Worshippers express a mixture of fear and defiance, rushing into the Chabad Lubavitch World Headquarters in Crown Heights two days after a stabbing spree at a rabbi's house wounded five people.
"Anti-Semitism has never been so bad. It's becoming more and more of an issue. It's crazy," 23-year-old Chaim Kaplan tells AFP after completing his prayers Monday morning.
New York, home to the largest Jewish community outside of Israel, had long been a place where Jews felt safe.
But after Saturday's stabbing frenzy in New York's Rockland County, and a shooting earlier this month at a kosher deli in suburban New York's Jersey City that left six dead, the community is on edge.
"What are you gonna do?" asks Kaplan. "It's never been the Jewish attitude to back off. We've always been persecuted. It is what it is. We gotta fight it with love."

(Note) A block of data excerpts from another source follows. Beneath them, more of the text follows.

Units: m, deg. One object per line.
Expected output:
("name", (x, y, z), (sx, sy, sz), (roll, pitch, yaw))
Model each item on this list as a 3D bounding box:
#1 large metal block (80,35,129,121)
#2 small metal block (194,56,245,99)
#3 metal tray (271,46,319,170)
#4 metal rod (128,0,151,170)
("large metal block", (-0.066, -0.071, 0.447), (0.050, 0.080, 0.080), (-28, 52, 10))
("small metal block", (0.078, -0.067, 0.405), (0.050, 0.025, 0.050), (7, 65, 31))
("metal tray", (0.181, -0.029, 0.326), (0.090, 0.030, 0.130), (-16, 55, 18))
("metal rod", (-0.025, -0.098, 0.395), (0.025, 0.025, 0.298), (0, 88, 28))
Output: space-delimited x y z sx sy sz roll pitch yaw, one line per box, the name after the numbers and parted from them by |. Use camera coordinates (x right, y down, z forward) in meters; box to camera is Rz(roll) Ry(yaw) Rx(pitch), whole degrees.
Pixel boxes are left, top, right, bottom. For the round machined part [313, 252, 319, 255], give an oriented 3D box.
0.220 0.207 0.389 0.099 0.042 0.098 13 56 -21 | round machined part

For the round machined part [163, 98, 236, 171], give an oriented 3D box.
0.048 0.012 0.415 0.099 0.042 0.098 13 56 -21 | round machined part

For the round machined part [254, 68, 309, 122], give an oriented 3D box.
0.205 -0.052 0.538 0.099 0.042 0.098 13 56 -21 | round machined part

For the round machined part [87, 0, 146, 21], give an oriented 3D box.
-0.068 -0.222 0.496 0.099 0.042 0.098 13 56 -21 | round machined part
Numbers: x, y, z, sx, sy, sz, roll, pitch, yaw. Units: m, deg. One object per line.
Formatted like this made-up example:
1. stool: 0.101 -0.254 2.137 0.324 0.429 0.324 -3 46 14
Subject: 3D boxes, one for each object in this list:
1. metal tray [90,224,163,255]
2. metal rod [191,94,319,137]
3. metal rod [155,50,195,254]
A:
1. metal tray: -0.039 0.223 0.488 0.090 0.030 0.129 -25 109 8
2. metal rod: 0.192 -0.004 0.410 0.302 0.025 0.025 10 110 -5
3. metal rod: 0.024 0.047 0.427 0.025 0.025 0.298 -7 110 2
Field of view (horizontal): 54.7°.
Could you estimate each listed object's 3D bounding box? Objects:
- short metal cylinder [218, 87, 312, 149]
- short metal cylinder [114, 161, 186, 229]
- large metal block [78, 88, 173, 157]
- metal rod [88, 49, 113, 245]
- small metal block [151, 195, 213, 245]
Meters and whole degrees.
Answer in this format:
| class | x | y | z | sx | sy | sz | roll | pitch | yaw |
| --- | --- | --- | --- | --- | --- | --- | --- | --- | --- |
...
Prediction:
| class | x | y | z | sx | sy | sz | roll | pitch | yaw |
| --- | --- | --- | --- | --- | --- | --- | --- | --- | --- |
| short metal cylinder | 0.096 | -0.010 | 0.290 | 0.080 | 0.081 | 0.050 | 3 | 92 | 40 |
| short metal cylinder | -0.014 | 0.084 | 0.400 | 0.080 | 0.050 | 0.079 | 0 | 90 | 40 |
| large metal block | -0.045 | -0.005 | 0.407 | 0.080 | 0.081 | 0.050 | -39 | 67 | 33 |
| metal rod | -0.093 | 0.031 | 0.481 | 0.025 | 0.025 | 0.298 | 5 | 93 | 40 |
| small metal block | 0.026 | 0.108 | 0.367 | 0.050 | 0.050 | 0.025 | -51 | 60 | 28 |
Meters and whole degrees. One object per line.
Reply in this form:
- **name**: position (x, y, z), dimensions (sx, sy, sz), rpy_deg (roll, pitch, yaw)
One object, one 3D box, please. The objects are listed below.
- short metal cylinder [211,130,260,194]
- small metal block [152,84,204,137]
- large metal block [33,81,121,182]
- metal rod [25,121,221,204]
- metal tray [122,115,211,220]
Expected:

Others echoed his defiant attitude.
"I tell my family to go on and do whatever they have to do, like go to school and go to pray," said Ron Fulop in Brooklyn's Williamsburg neighborhood, also home to a large ultra-Orthodox Jewish community.
"Hiding doesn't help. The main thing is we pray to God that we be safe," the 40-year-old told AFP.
New York Mayor Bill de Blasio announced a series of measures to tackle what he called an anti-Semitism "crisis" sweeping the United States.
"It has taken a more and more violent form," de Blasio told NPR, adding that the "forces of hate have been unleashed."
De Blasio's remarks came after Grafton Thomas, 37, allegedly entered Rabbi Chaim Rottenberg's house during Saturday evening Hanukkah celebrations and stabbed several people with a machete before fleeing.
On Monday authorities charged Thomas with federal hate crime charges, in addition to five counts of attempted murder laid after the attack.